If you’re a developer that wants to use free and open source software then sooner or later you’re going to need to talk to a lawyer. Many developers have a working understanding of software intellectual property, but unfortunately software copyright is a space fraught with exceptions and edges and ambiguities. Someone came up with the (now shortsighted) idea of applying copyright law to software back in the day when programs were no bigger than books, because it was a form of creative expression. The average business lawyer is at a loss around software IP law unless they’ve spent time learning the nuances, and even then you will find software patent lawyers and software copyright lawyers deferring to one another’s expertise because (at least in the U.S.) it’s just too complicated to hold it all in one’s head. I once learned from a legal colleague the best way to start a conversation about open source with a lawyer that hasn’t yet really encountered it or the licensing terms surrounding OSS. Essentially, you need to get them on side to understand the economic motivation, and to get them away from the concerns over derivatives, plagiarism and lawsuits. Ask the lawyer, if when they start a new contract, do they start with a “blank piece of paper.” Most will say “no” in a variety of forms. So ask them why not. Typically the answers boil down to:
- The text is purely functional. There is only one way to say certain things clearly.
- There’s de minimus risk, which is a fancy way of legally saying, “No one would ever sue us for that ....”
- The text is peer reviewed and proven to work.
The compounded economics of shared creation of work that’s proven to be “bug free” from multiple reviews and re-use in multiple settings over time is obvious to lawyers in their own field. Lawyers program in English. (Okay, that was a very culturally-centric way of saying it.) Lawyers also work to tight timeframes, and may well be assembling a multipart complex agreement as a team. Lawyers want to ensure they are clearly articulating an agreement which will form an interface between two parties for action and accountability. By getting a lawyer new to open source to understand that they share text all the time that in theory has a copyright on it the second their “pen leaves the page,” you are well on your way to getting them to where they need to be in the open source software discussion. Then the problem becomes one of deeper education because your lawyers will have questions. There are not a lot papers on the web that aren’t being used as an on ramp to selling services or tools. While no lawyer is comfortable with “competing bodies of text” to their licenses, wanting to be able to say “the license says what the license says” if they need to defend it, there are still good materials out there. The license stewards are excellent places to start for knowledge of the licenses and how to think about them.

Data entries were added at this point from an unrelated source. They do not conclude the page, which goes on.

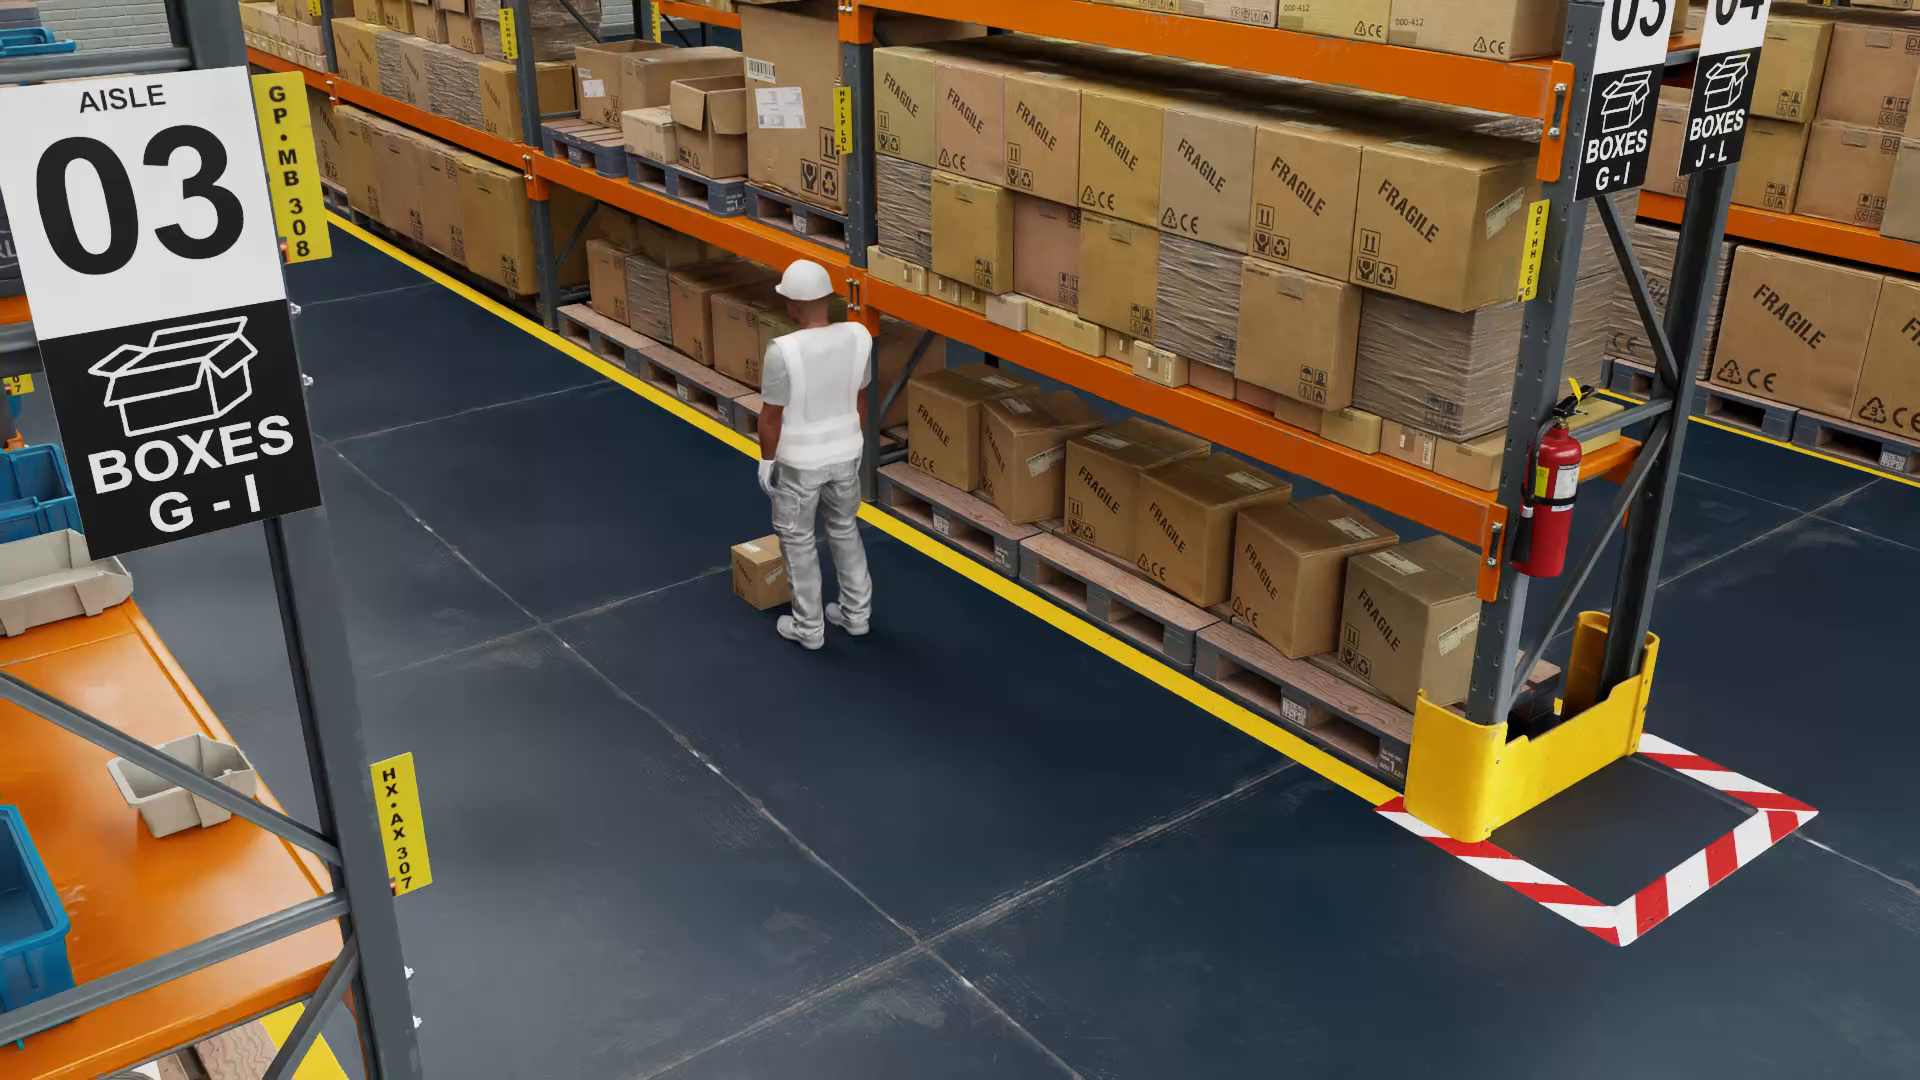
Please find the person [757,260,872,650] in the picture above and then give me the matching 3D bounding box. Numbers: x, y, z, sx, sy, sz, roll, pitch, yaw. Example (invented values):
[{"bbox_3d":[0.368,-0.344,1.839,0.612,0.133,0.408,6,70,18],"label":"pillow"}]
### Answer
[{"bbox_3d":[-0.650,-0.371,7.404,0.545,1.781,0.354,-17,30,-33],"label":"person"}]
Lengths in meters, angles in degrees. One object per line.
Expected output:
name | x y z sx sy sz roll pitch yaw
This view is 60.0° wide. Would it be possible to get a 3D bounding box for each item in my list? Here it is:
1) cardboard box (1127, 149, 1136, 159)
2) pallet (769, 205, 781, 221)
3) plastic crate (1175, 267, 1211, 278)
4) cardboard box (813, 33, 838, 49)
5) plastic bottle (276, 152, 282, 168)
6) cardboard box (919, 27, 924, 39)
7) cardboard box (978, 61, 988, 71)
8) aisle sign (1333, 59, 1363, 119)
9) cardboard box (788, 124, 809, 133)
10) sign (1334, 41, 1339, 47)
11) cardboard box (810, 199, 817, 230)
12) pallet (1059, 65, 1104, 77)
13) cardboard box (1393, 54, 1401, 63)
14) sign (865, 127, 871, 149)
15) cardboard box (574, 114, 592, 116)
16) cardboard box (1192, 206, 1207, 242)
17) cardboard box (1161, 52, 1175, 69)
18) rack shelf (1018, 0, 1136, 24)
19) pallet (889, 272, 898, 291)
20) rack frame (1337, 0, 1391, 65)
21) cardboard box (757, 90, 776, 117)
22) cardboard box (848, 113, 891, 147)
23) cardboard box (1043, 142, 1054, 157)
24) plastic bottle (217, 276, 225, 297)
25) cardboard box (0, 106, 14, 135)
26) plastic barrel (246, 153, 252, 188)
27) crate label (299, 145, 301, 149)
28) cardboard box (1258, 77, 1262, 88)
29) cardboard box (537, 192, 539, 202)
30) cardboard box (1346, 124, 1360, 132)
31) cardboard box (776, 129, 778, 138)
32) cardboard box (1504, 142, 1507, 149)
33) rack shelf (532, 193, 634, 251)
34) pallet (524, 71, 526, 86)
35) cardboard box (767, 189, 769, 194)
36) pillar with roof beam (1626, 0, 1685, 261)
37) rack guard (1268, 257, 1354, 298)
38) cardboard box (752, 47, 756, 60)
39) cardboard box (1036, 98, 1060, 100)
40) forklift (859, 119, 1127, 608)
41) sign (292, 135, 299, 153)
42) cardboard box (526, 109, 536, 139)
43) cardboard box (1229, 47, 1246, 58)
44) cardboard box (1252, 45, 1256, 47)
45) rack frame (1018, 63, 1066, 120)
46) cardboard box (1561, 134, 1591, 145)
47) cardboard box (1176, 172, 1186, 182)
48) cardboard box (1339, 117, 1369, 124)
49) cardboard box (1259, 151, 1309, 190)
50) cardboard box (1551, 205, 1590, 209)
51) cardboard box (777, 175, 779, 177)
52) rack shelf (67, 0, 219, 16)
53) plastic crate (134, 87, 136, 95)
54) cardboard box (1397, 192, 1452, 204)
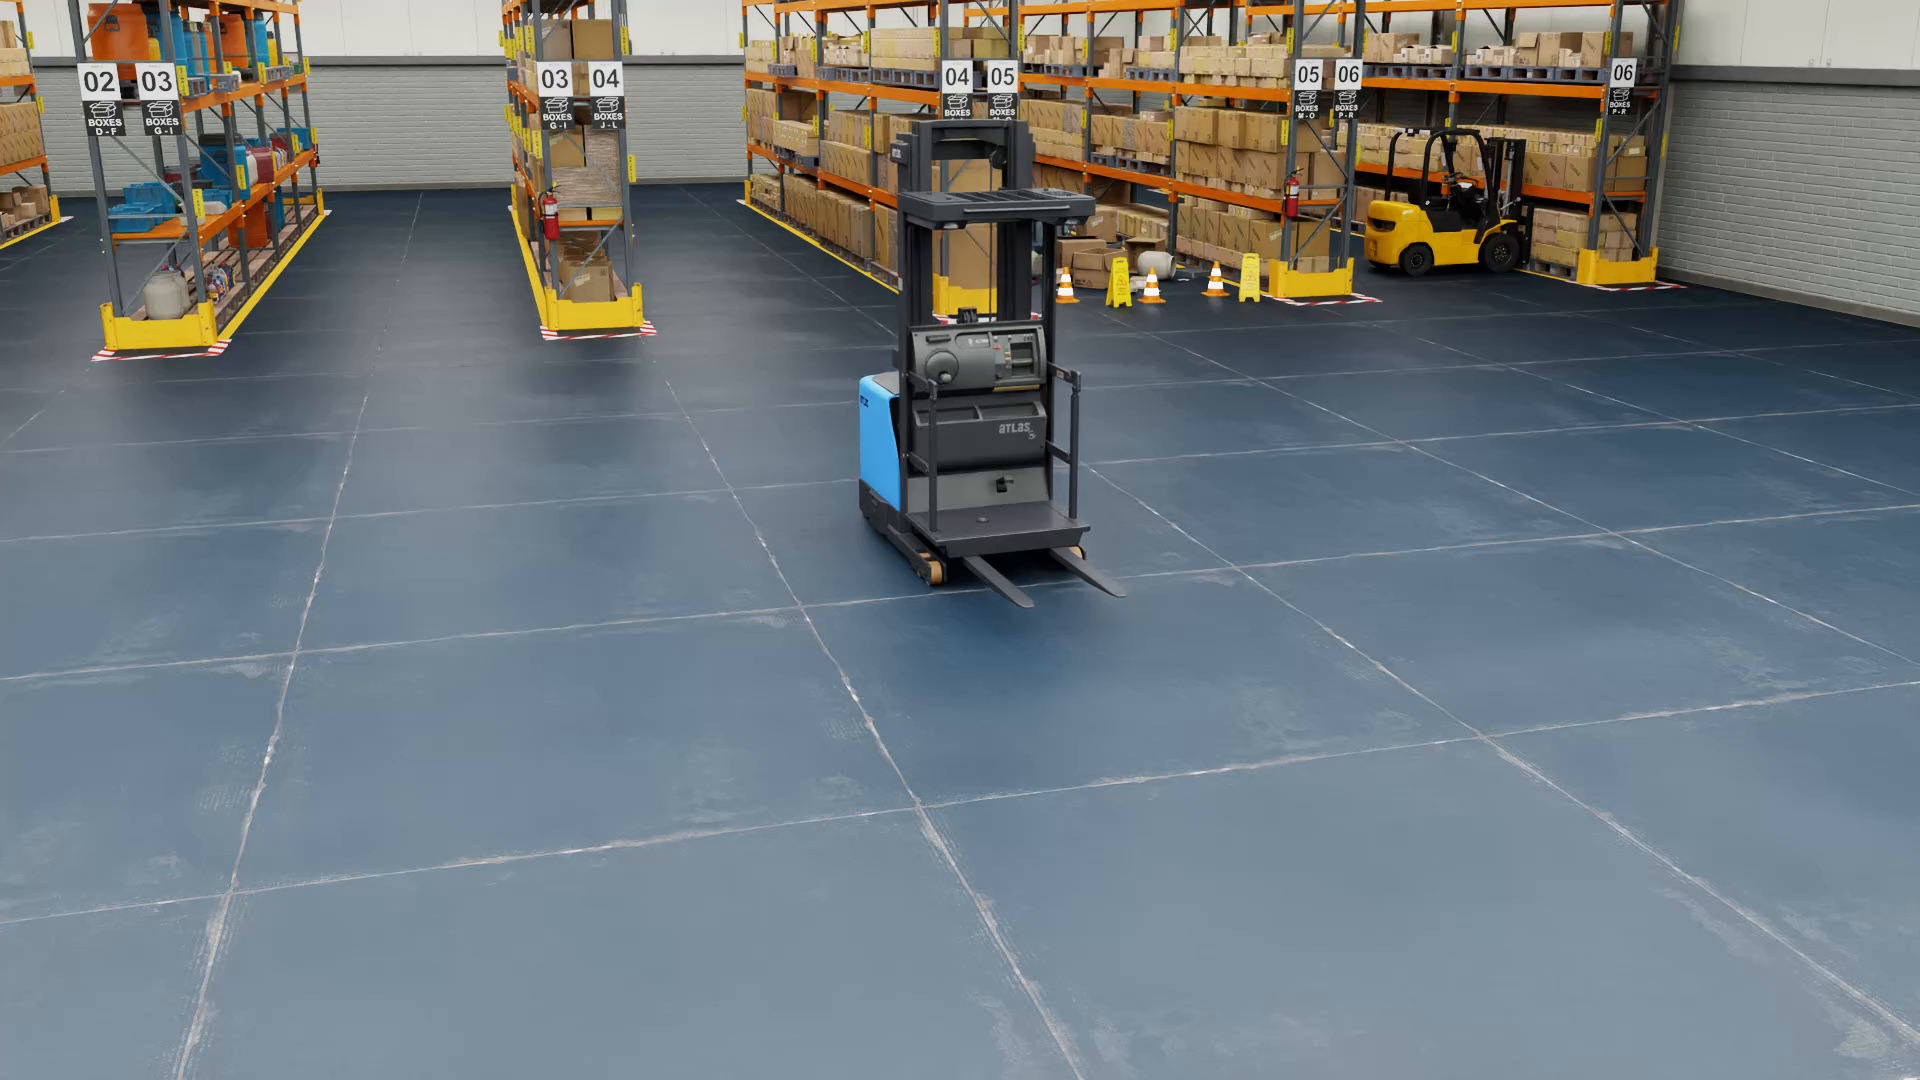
cardboard box | 3.078 -6.626 28.502 0.380 0.149 0.250 -4 17 -14
pallet | -3.280 -6.635 33.674 1.003 0.211 1.213 -5 17 -15
plastic crate | 3.512 -4.097 25.451 0.402 0.080 0.583 -12 20 -34
cardboard box | -2.323 -8.624 28.728 0.396 0.266 0.258 -5 17 -15
plastic bottle | -11.962 -6.648 29.086 0.152 0.276 0.135 -5 17 -15
cardboard box | -0.320 -6.622 21.715 0.380 0.149 0.250 -4 17 -14
cardboard box | 0.451 -6.154 21.543 0.380 0.149 0.250 -5 17 -15
aisle sign | 5.284 -6.140 22.660 0.394 0.787 0.004 -5 17 -15
cardboard box | -2.961 -7.576 30.632 0.380 0.149 0.250 -4 17 -14
sign | 7.019 -9.136 31.039 0.100 0.325 0.005 -5 17 -15
cardboard box | -2.394 -5.846 29.816 0.500 0.500 0.500 -5 17 -16
pallet | 2.542 -8.620 30.550 1.213 0.211 1.003 -4 17 -13
cardboard box | 7.835 -8.446 29.175 0.380 0.149 0.250 -5 17 -16
sign | -1.381 -6.046 24.990 0.100 0.325 0.005 -5 17 -15
cardboard box | -5.132 -5.639 23.081 0.500 0.500 0.500 -5 17 -15
cardboard box | 3.930 -4.906 25.815 0.500 0.500 0.500 -4 17 -13
cardboard box | 3.569 -7.710 26.722 0.500 0.250 0.500 -5 17 -16
rack shelf | 2.220 -9.991 31.515 1.077 0.370 4.000 -5 17 -15
pallet | -0.390 -3.685 23.851 1.003 0.211 1.213 -5 17 -15
rack frame | 7.542 -10.367 30.823 1.000 3.000 0.127 -5 17 -15
cardboard box | -3.882 -8.993 34.246 0.500 0.500 0.500 -5 18 -17
cardboard box | -1.424 -6.660 26.998 0.700 0.500 0.500 -5 17 -16
cardboard box | 1.936 -7.567 32.191 0.500 0.250 0.500 -5 17 -16
plastic bottle | -9.698 -3.321 21.772 0.097 0.271 0.097 0 17 0
cardboard box | -17.526 -7.605 30.145 0.500 0.500 0.500 -5 17 -17
plastic barrel | -10.794 -5.489 24.774 0.433 0.535 0.433 0 17 0
crate label | -13.155 -7.673 32.636 0.396 0.136 0.243 -5 17 -15
cardboard box | 4.456 -6.498 23.593 0.380 0.149 0.250 -5 17 -15
cardboard box | -5.631 -4.729 22.918 0.380 0.149 0.250 -5 17 -15
cardboard box | 7.421 -7.667 30.962 0.380 0.149 0.250 -4 17 -14
cardboard box | -3.322 -7.794 31.874 0.380 0.149 0.250 -5 17 -16
cardboard box | 8.800 -6.281 26.346 0.380 0.149 0.250 -5 18 -17
rack shelf | -5.110 -4.313 22.346 1.077 0.370 4.000 -5 17 -15
pallet | -5.726 -6.736 24.276 1.213 0.211 1.003 -5 17 -15
cardboard box | -3.845 -7.349 34.911 0.380 0.149 0.250 -4 17 -12
pillar with roof beam | 6.276 -8.078 23.201 9.100 9.000 0.400 -5 17 -15
rack guard | 4.948 -3.711 23.439 1.175 0.500 0.348 -5 17 -15
cardboard box | -4.018 -10.071 34.443 0.500 0.250 0.500 -4 17 -15
cardboard box | 1.773 -8.884 34.403 0.500 0.500 0.500 -5 17 -15
forklift | 0.204 -1.234 10.964 1.130 2.935 3.031 -6 18 -18
sign | -12.091 -7.207 30.251 0.100 0.325 0.005 -5 17 -15
cardboard box | -7.120 -7.229 28.887 0.797 0.503 0.637 -4 17 -14
cardboard box | 4.138 -7.077 24.136 0.380 0.149 0.250 -4 17 -14
cardboard box | 6.244 -10.123 34.239 0.380 0.149 0.250 -4 17 -14
rack frame | 1.671 -8.207 34.059 1.000 3.000 0.127 -5 17 -15
cardboard box | 9.243 -6.000 24.896 0.380 0.149 0.250 -4 17 -14
cardboard box | 3.647 -5.761 26.354 0.380 0.149 0.250 -5 17 -16
cardboard box | 7.550 -7.898 32.126 0.500 0.500 0.500 -4 17 -13
cardboard box | 4.554 -5.206 23.379 0.500 0.500 0.500 -5 17 -16
cardboard box | 9.522 -5.069 25.925 0.500 0.250 0.500 -5 17 -16
cardboard box | -3.757 -7.814 35.944 0.380 0.149 0.250 -4 17 -14
rack shelf | -9.872 -6.603 20.237 1.077 0.370 4.000 -5 17 -15
plastic crate | -10.136 -5.645 20.345 0.392 0.384 0.575 -5 17 -15
cardboard box | 8.281 -5.810 29.478 0.875 0.625 0.625 -5 17 -16

- The Free Software Foundation as steward of the GPL family of licenses maintains excellent discussions about their licenses, a long FAQ, and an excellent discussion of GPL compatibility with other licenses.
- The Eclipse Foundation as steward of the Eclipse Public License maintains an FAQ on its license.
- The Apache Software Foundation maintains an FAQ about the Apache License.
- The BSD license is pretty straight forward, and the University of California, Berkeley even published the following note on the “advertising” clause, should you need to help your lawyer understand the change.
There are a number of books on software intellectual property for developers. (My favourites are Van Lindberg and St. Laurent.) Lastly, I’ll point you to a recording of the session where my lawyer friend explains to the audience about helping lawyers think about open source software. [Start at minute 14:20.] The audience comments are as much fun as the content.